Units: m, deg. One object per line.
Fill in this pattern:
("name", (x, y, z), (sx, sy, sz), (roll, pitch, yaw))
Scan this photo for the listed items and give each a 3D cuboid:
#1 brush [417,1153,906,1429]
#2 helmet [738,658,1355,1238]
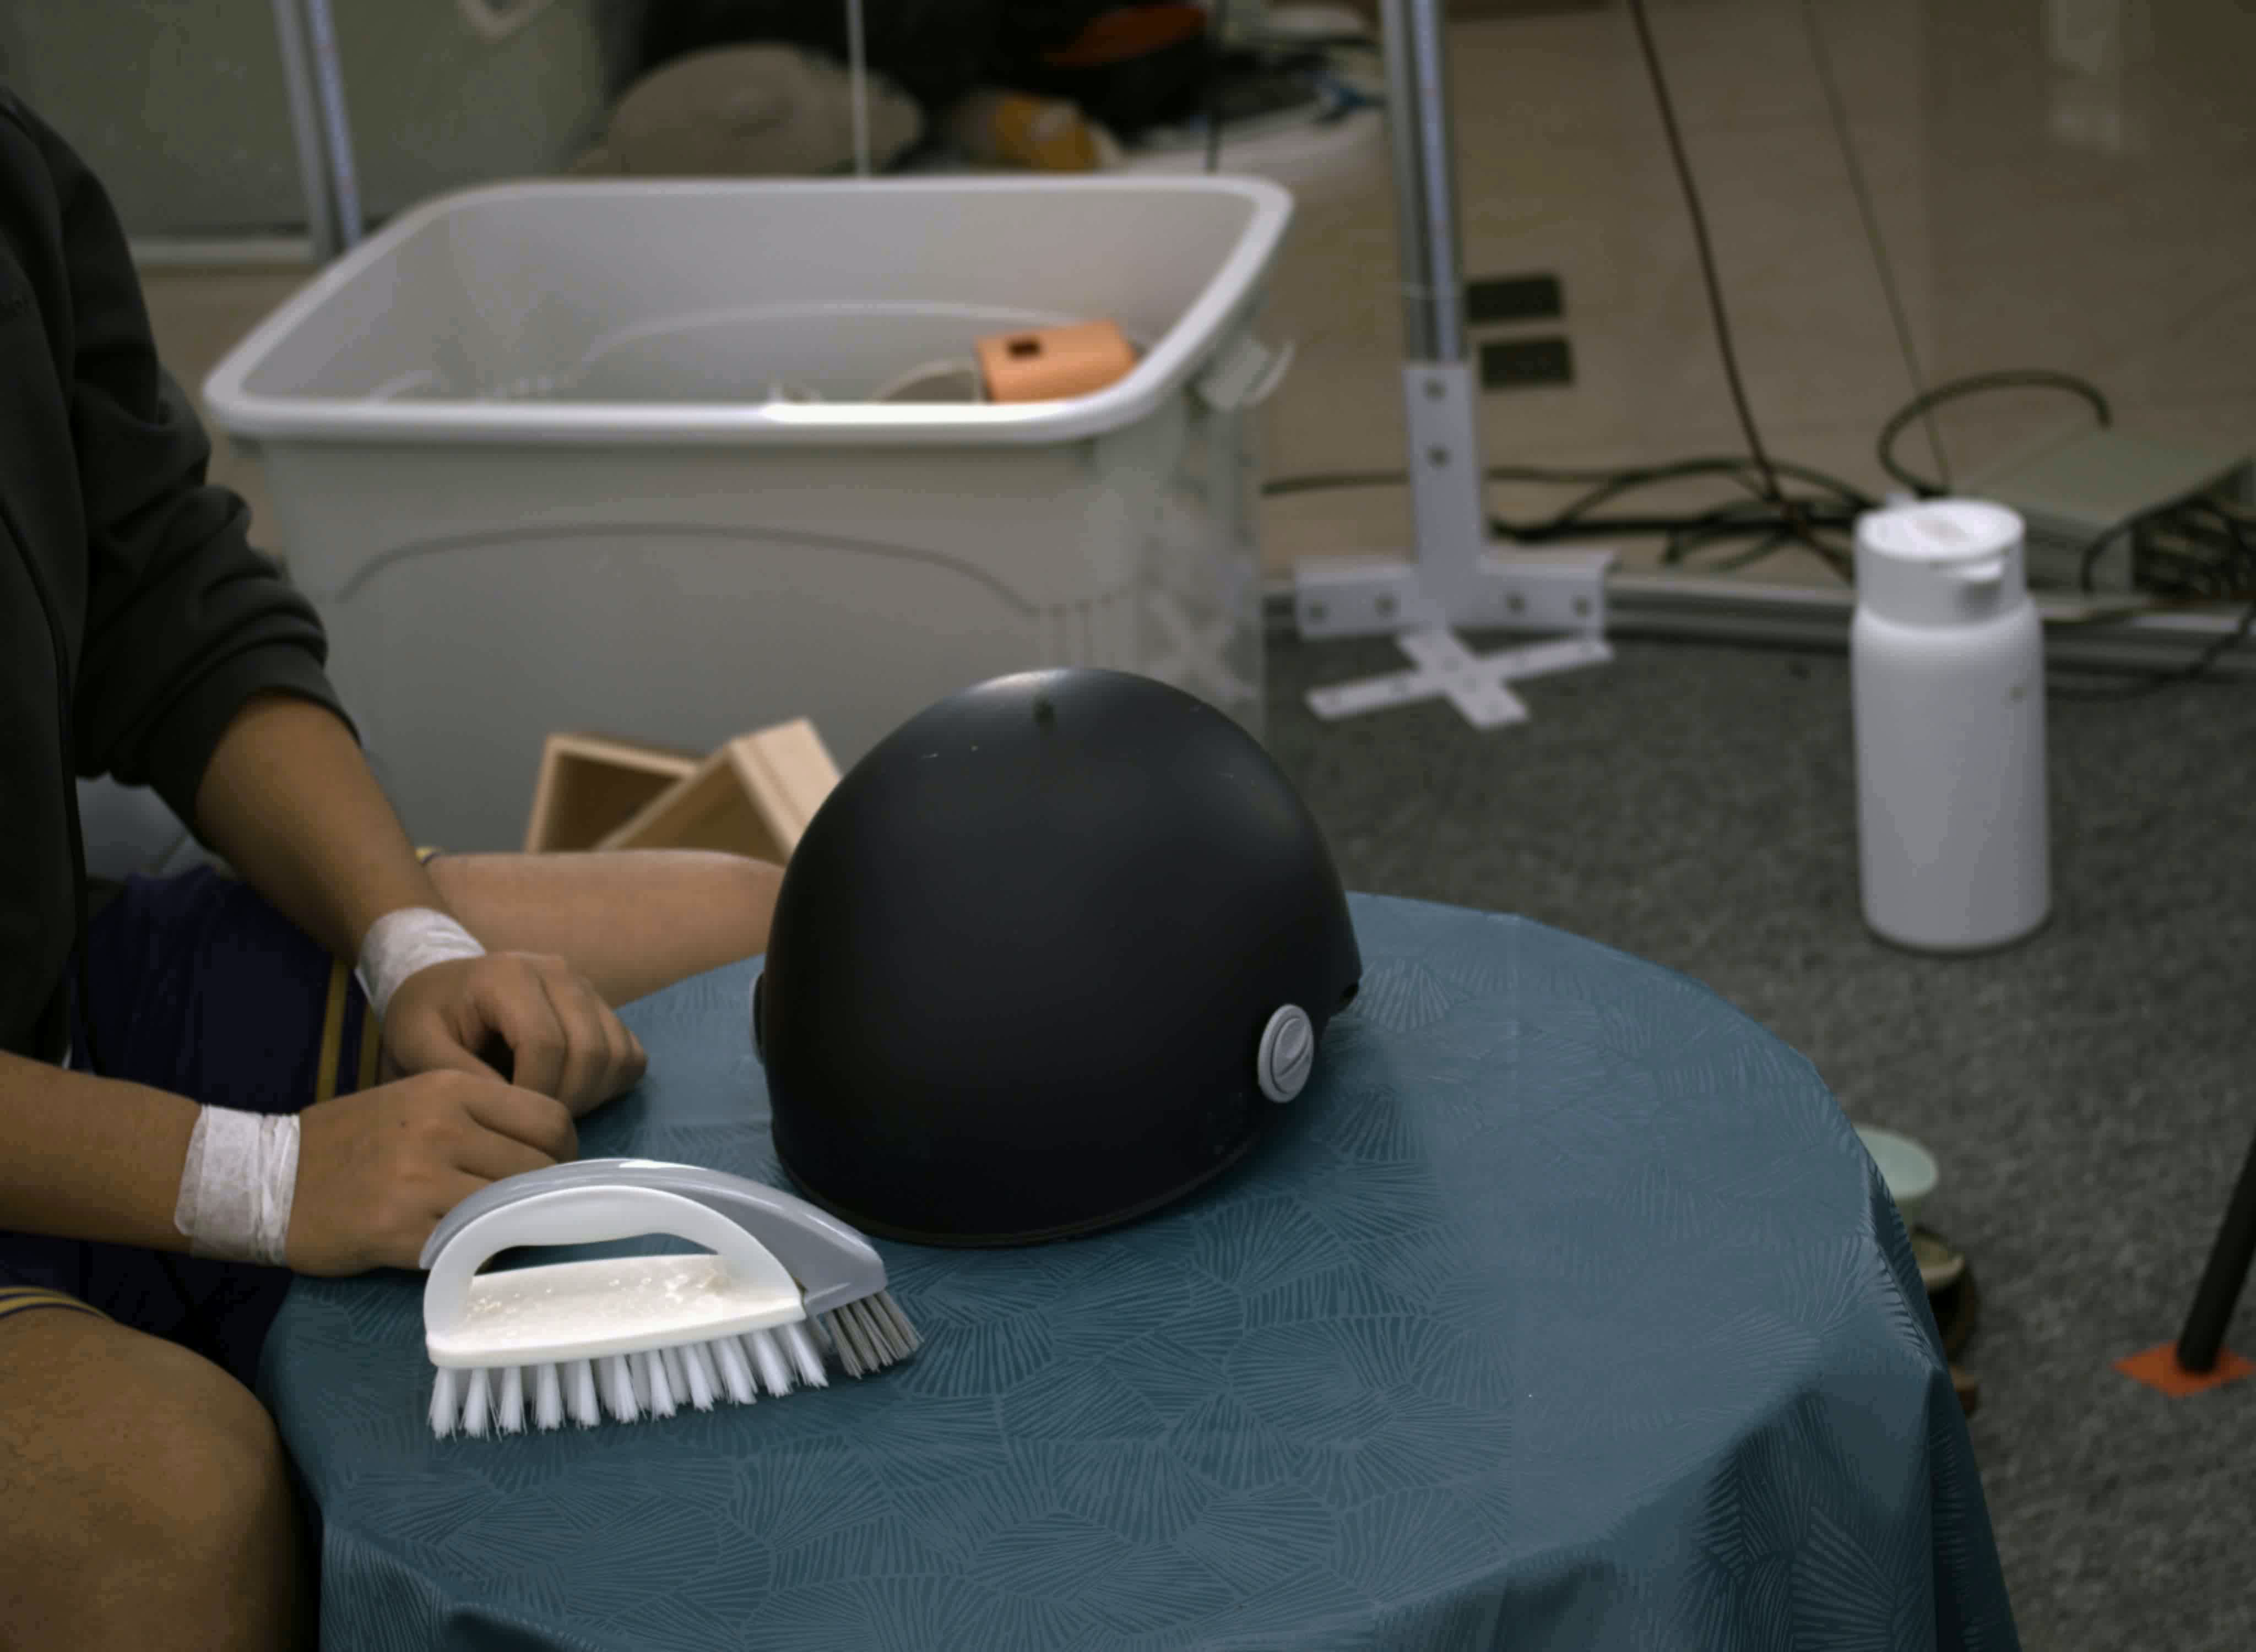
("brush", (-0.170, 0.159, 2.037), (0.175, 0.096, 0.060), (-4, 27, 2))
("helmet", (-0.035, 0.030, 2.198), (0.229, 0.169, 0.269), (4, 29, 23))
++++++++
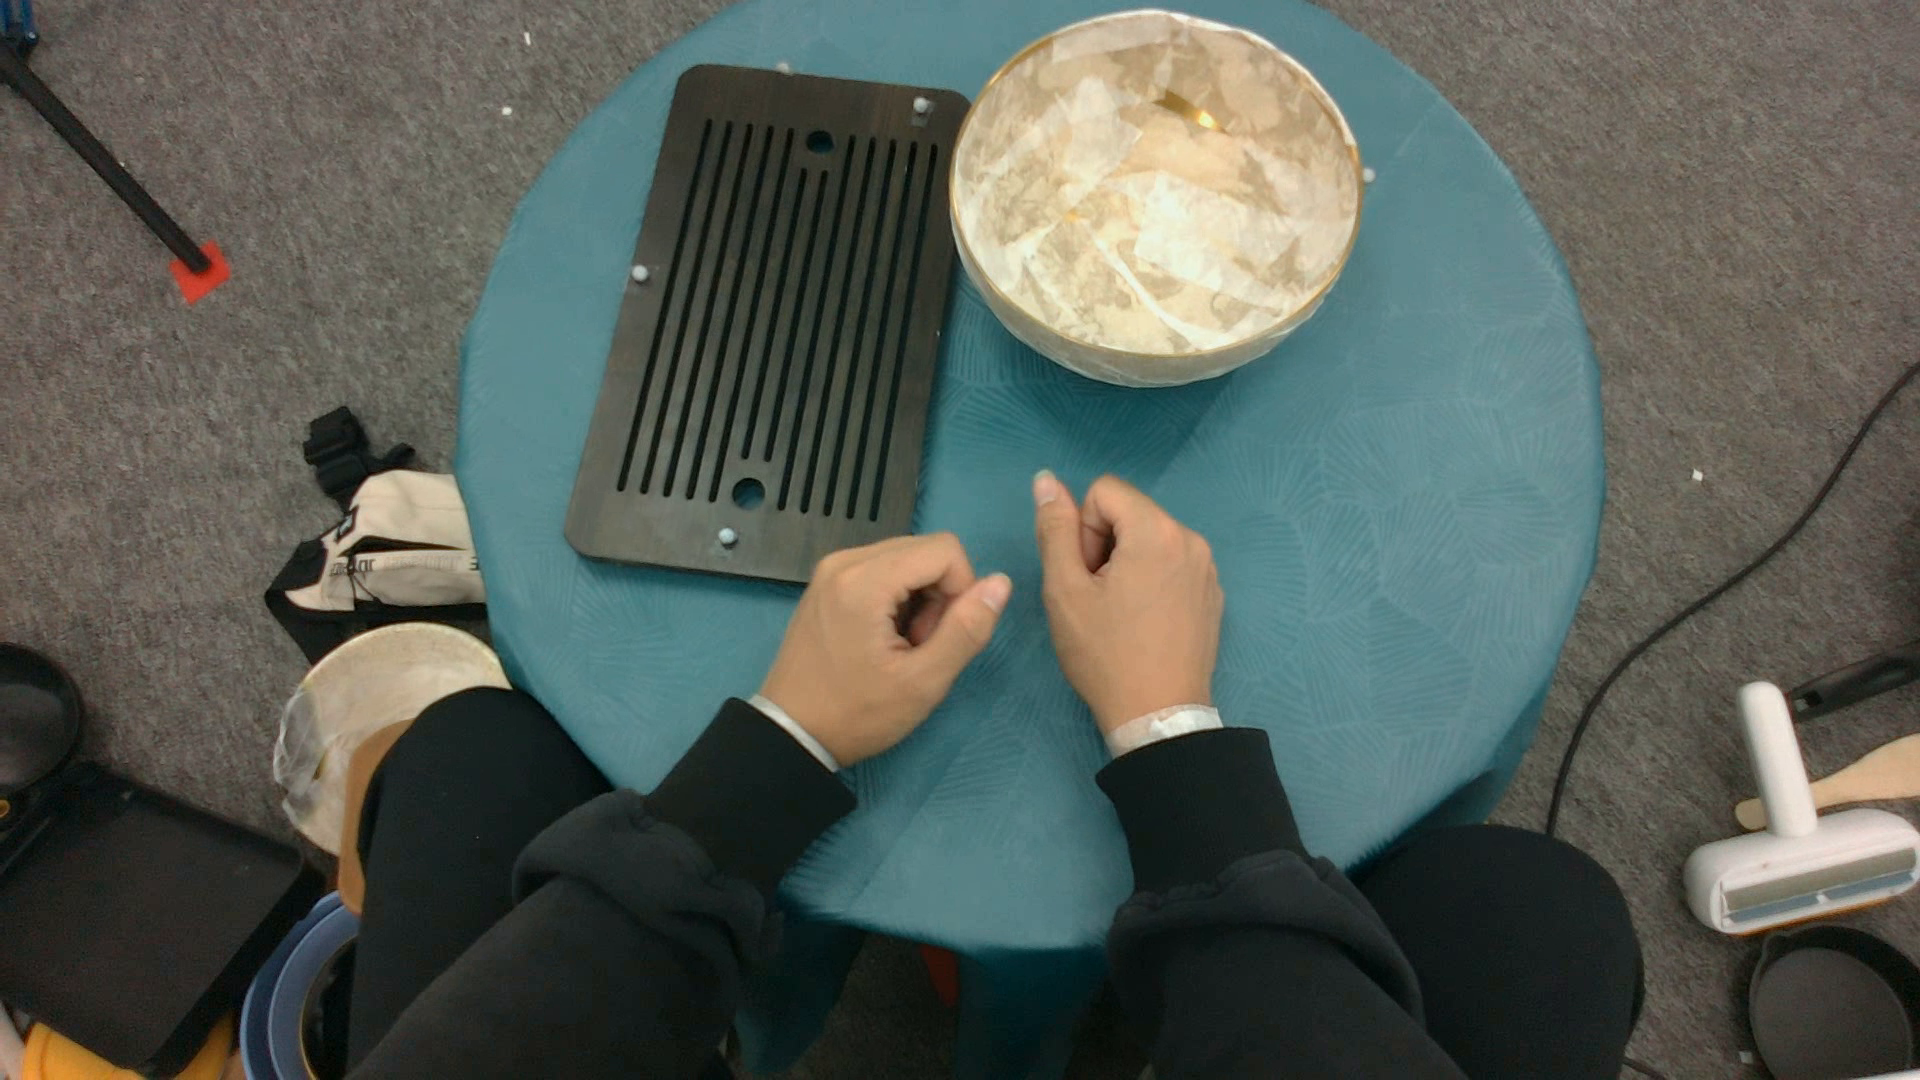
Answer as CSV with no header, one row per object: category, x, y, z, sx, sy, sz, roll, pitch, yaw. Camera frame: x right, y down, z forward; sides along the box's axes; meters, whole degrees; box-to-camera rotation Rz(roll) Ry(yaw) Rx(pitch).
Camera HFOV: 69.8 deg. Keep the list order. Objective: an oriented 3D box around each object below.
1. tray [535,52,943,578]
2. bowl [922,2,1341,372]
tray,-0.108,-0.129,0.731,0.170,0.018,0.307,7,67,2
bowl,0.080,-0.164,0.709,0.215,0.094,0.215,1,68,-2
++++++++
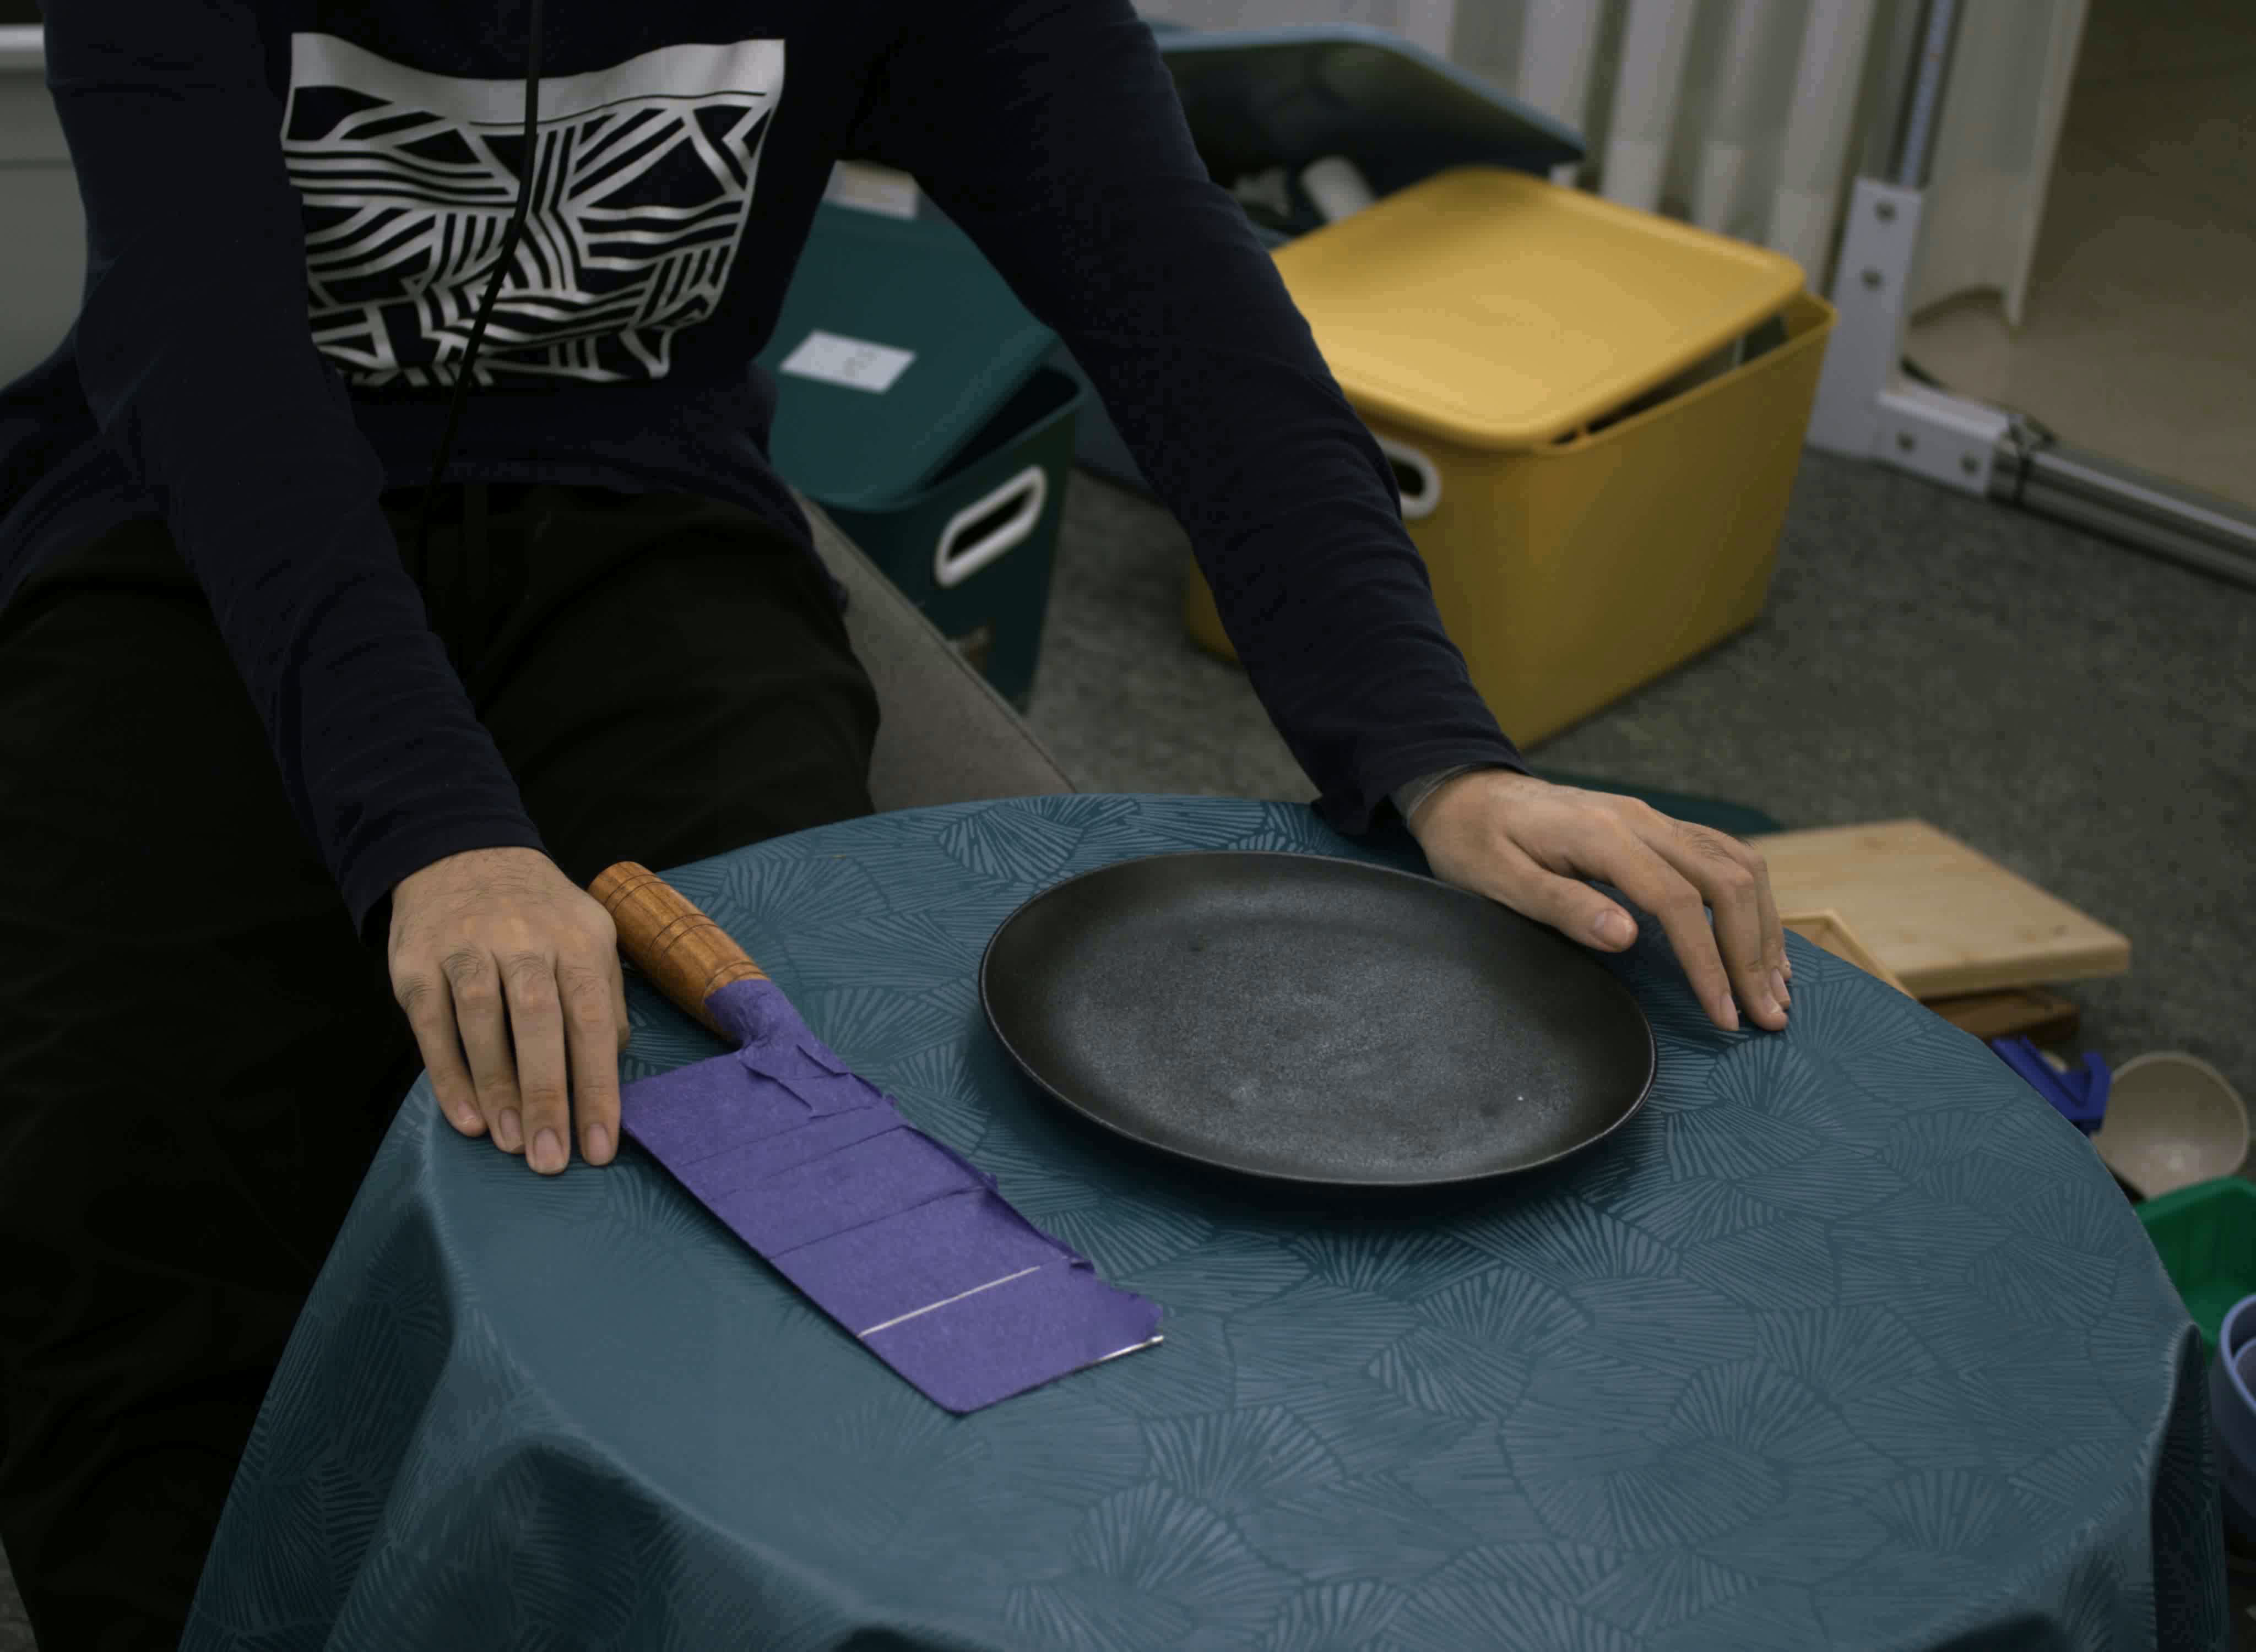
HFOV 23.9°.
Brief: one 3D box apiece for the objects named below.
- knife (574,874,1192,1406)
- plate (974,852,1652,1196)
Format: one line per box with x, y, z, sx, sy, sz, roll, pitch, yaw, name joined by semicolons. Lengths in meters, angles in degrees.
++++++++
Task instructions —
Please report every line of the records above that contains the word "meters".

Written reply —
Answer as CSV with no header, one row per object: category, x, y, z, sx, sy, sz, roll, pitch, yaw. Camera frame: x right, y down, z forward; sides along the box's axes; meters, whole degrees; box-to-camera rotation Rz(roll) Ry(yaw) Rx(pitch).
Format: one line per box with x, y, z, sx, sy, sz, roll, pitch, yaw, name joined by semicolons. Lengths in meters, angles in degrees.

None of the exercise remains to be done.